Determine the count of lines in the following entries that contain the string "task". Write only the number.

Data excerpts
+--

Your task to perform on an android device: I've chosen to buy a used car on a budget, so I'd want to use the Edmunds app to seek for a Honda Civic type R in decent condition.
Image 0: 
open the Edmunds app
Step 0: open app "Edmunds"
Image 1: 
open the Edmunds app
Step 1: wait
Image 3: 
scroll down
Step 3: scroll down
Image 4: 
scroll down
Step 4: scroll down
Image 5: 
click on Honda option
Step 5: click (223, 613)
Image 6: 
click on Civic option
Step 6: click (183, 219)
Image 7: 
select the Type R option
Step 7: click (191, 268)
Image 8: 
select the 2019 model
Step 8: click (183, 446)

+--

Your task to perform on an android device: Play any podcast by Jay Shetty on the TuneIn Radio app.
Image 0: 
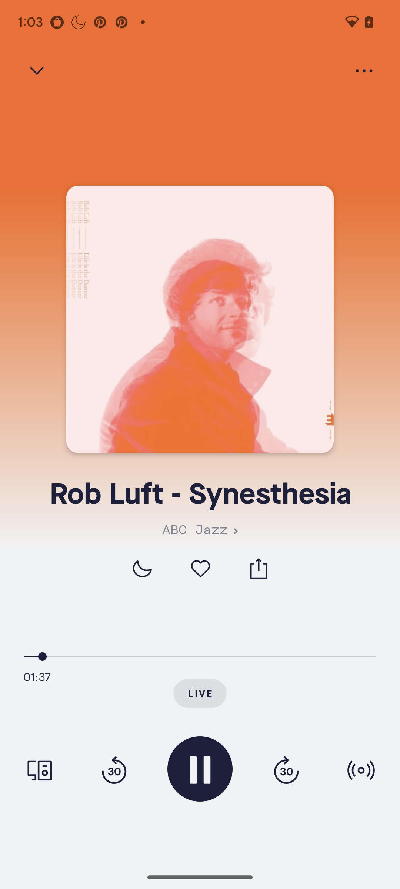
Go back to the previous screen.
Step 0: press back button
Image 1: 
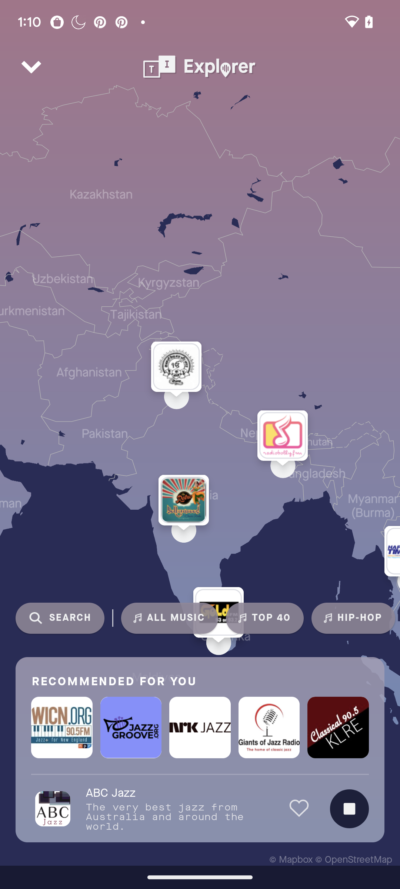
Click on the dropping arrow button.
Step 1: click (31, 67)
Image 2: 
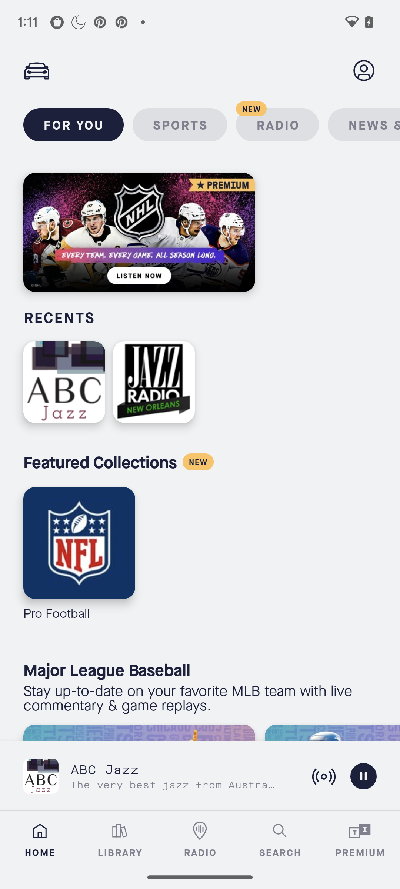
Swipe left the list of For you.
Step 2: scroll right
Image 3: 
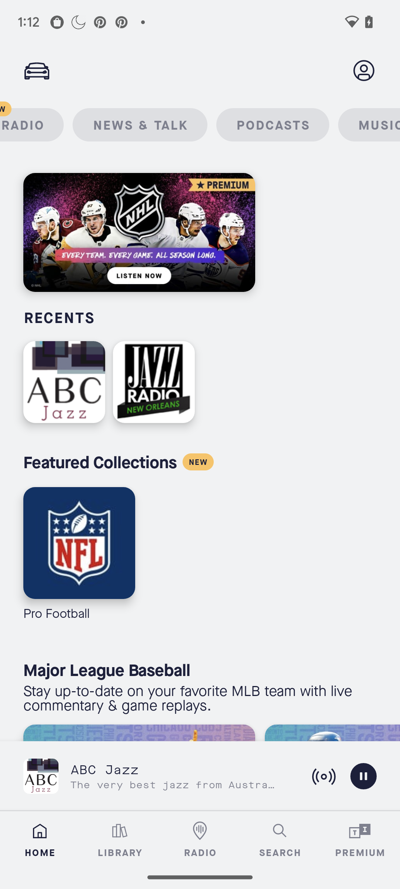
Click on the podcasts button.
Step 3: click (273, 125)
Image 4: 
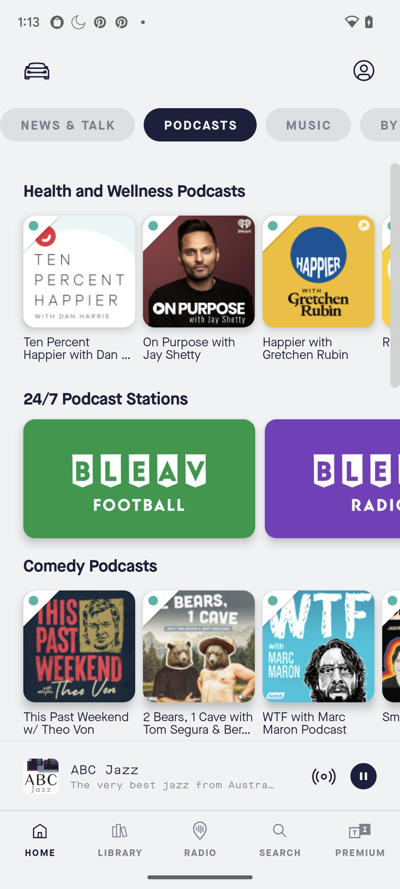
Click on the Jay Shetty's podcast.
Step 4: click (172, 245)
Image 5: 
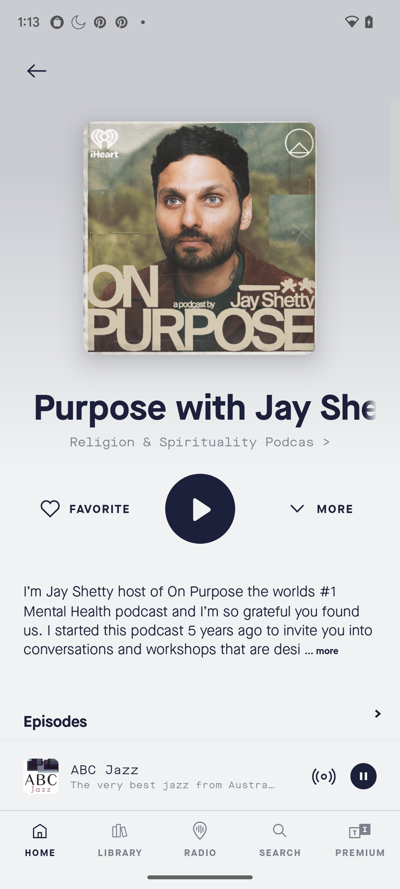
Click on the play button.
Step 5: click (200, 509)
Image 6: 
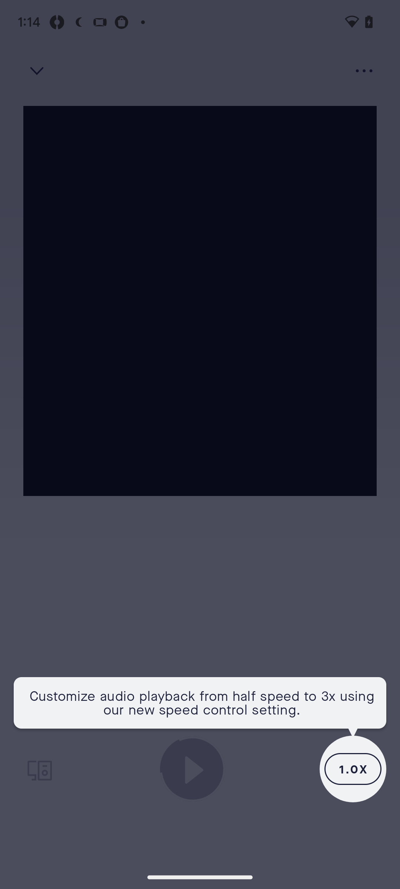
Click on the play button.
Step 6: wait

+--

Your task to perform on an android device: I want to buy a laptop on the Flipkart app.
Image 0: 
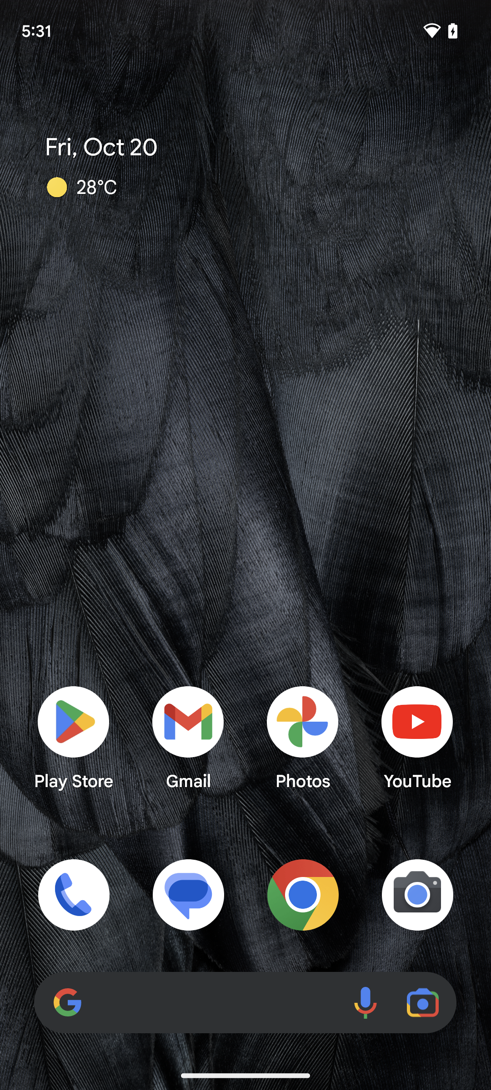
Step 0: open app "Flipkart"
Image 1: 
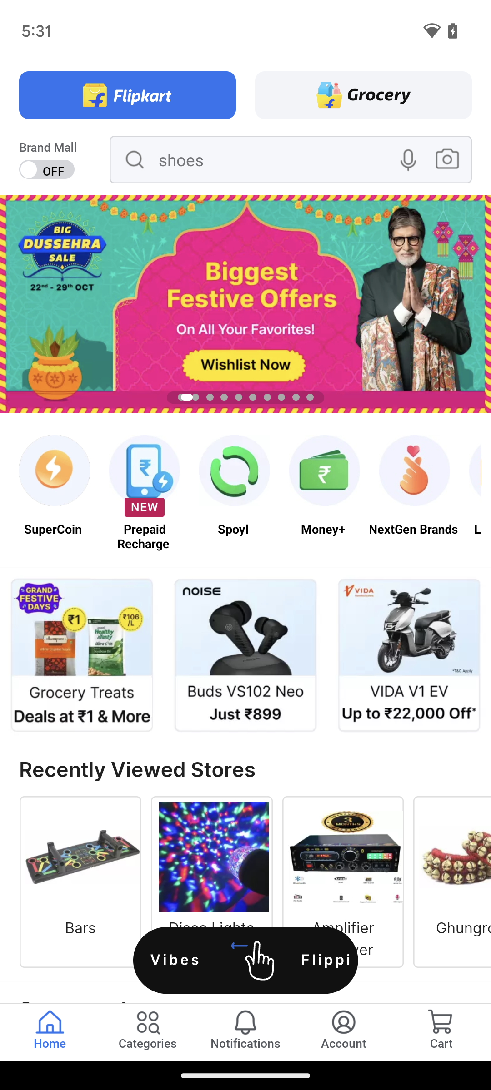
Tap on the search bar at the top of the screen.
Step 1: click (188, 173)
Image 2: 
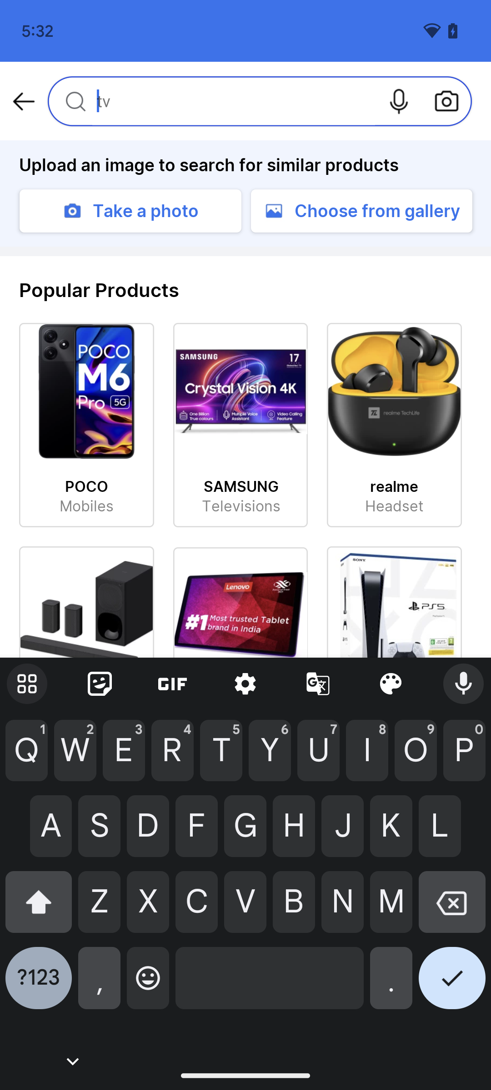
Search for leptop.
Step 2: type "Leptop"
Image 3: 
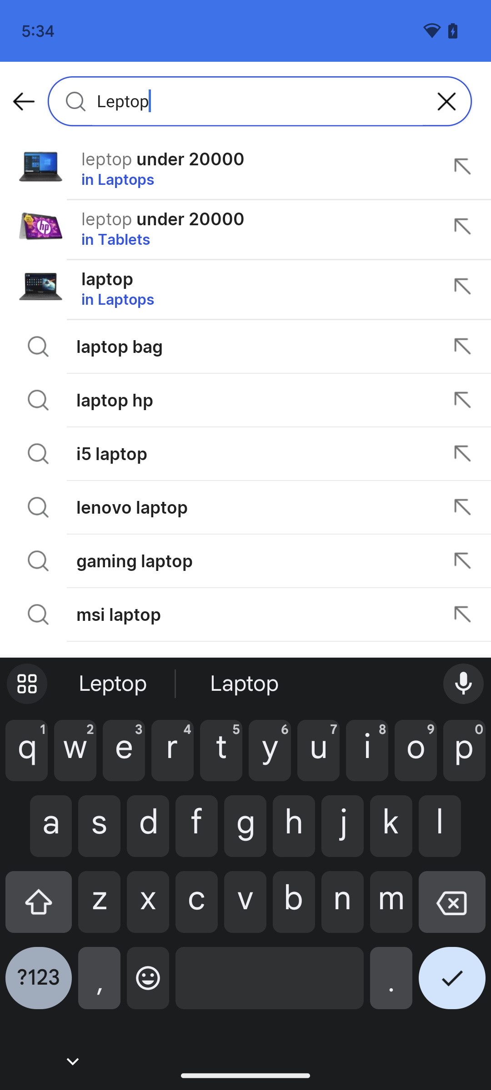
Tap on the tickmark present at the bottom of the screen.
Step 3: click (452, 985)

+--

# [Answer box]
3